4 considerations to take into account before choosing “buy now, pay later”
- “Buy now, pay later” can be very tempting for expensive vacation shopping, but it has its drawbacks.
- It is crucial to make sure that you can actually make the payments. It could even affect your credit score.
- Using your credit card instead could also earn you points and rewards that you wouldn’t otherwise get.
- Learn more about Personal Finance Insider.
At the end of each year, I tend to have a hard time staying on budget.

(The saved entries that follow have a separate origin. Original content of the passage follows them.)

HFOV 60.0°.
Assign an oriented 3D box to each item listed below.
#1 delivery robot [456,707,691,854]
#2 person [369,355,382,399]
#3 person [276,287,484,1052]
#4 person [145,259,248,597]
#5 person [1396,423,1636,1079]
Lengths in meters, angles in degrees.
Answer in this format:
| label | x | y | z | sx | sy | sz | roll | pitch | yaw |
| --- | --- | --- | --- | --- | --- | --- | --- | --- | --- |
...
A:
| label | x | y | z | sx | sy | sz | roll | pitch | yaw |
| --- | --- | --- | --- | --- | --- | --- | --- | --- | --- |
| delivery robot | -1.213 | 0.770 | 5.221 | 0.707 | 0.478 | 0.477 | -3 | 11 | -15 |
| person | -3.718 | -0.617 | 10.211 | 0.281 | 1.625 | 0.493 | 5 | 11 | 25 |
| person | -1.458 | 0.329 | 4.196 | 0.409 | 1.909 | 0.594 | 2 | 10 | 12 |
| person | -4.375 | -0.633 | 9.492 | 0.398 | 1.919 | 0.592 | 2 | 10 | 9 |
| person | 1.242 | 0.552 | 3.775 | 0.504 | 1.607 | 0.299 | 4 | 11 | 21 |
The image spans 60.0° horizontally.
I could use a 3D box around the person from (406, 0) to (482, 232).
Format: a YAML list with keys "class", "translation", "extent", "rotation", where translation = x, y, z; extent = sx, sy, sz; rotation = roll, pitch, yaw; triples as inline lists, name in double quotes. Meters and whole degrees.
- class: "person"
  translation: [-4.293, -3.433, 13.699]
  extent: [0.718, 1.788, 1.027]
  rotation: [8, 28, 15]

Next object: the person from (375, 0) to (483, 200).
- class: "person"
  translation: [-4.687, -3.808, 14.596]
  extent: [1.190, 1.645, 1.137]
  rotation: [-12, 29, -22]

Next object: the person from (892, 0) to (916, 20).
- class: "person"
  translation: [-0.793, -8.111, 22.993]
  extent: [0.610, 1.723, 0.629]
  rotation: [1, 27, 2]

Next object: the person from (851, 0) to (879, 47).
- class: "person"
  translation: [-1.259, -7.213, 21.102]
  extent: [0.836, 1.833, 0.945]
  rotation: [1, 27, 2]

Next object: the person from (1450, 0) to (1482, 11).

There are a lot of vacation shopping that I feel I need to buy for the people in my life, and I often wonder how I’m going to afford it.
While I try to create a gift list as early in the season as possible and set a ceiling price for each person’s gift, it can be difficult to meet these limits.
Recently, when my holiday shopping was mostly online, I was tempted to use the “Buy Now, Pay Later” services that some e-commerce stores offer at checkout.
The way it works is that you pay a small down payment up front and then have future payments (which may or may not include interest) over a set period of time.
Before I said yes to these services, I decided to chat with financial advisors to determine if this was a smart option or a costly mistake, and see what suggestions they had about the use of “Buy now, pay later”.
1. Make sure you understand the actual cost of the item.
Financial Advisor Greg wilson recommend being careful and taking the time to fully understand what the actual price of the item will be and consider whether it will be worth it for you.
“It’s important because the seller understands how they built the pricing structure,” Wilson said. “The interest is ingrained one way or another.”
2. Make sure you have a plan to pay it off
While these services make it easy to secure the item you want now, Dylan Orosz, a CPA, recommends having a plan in place to pay off what you’re about to buy.
“Don’t let the options get you to overspend,” Orosz said. “You have to spend within your budget, whether you pay now or later. ”
3. Consider what happens if you can’t pay later
Even if you are sure that you have the funds to pay off the debt you incurred for the item you wanted in the near future, there is always a chance that something will happen and your financial situation will change.
This is why the financial planner Brittney castro advises people to make sure they understand the consequences of using a payment service later on, and to make sure they are prepared to make payments for the duration of the entire plan.
“If you miss a payment, it could run you up for additional fees and can even negatively impact your credit score, as missed payments and defaults are usually reported to credit bureaus,” Castro said.
4. Consider using a credit card first.
Leslie Tayne, a financial lawyer, suggests considering the use of a credit card rather than “buy now, pay later” services.
“Retail installment loans can be worth it if you can pay off the merchandise on time and avoid paying interest,” Tayne said. “If you are a disciplined budgetist, these loans can help you get what you need and want without a credit card. “
However, she added that if you have a credit card there might be some benefits to using it instead, especially if you can earn rewards or points.
“Plus, your credit card may come with consumer protections, such as extended return policies, that your point-of-sale loan doesn’t offer,” Tayne added.